**MATERIAL TO PROCESS**
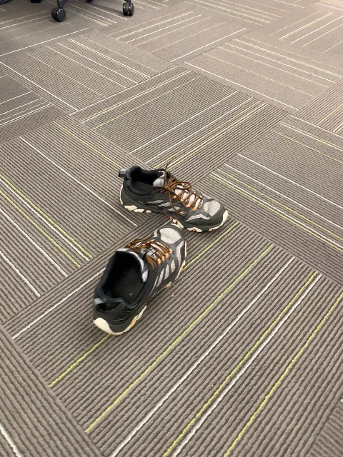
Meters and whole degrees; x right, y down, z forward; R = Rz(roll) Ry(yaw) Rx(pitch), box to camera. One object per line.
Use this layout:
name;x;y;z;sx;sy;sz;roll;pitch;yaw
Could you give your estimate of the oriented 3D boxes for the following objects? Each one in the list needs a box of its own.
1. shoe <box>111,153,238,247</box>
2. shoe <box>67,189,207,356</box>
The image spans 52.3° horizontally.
shoe;0.006;-0.081;0.936;0.300;0.119;0.120;19;51;15
shoe;-0.061;0.087;0.817;0.140;0.149;0.341;23;53;18
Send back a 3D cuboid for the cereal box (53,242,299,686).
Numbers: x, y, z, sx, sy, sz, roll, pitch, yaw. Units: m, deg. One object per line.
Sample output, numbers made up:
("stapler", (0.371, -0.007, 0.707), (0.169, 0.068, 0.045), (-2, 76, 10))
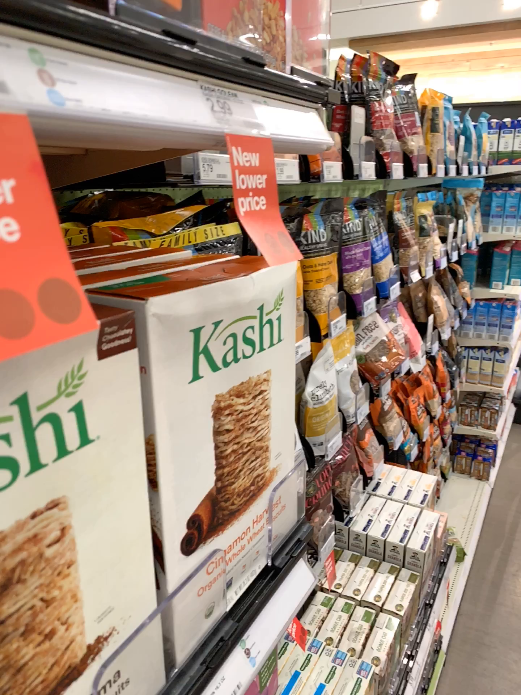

**TASK GOAL**
Copy out each line of the entries above that holds "roll".

**RESPONSE TO THE TASK**
Meters and whole degrees; x right, y down, z forward; R = Rz(roll) Ry(yaw) Rx(pitch), box to camera. One object per line.
name;x;y;z;sx;sy;sz;roll;pitch;yaw
Numbers: x, y, z, sx, sy, sz, roll, pitch, yaw. Units: m, deg. One object per line.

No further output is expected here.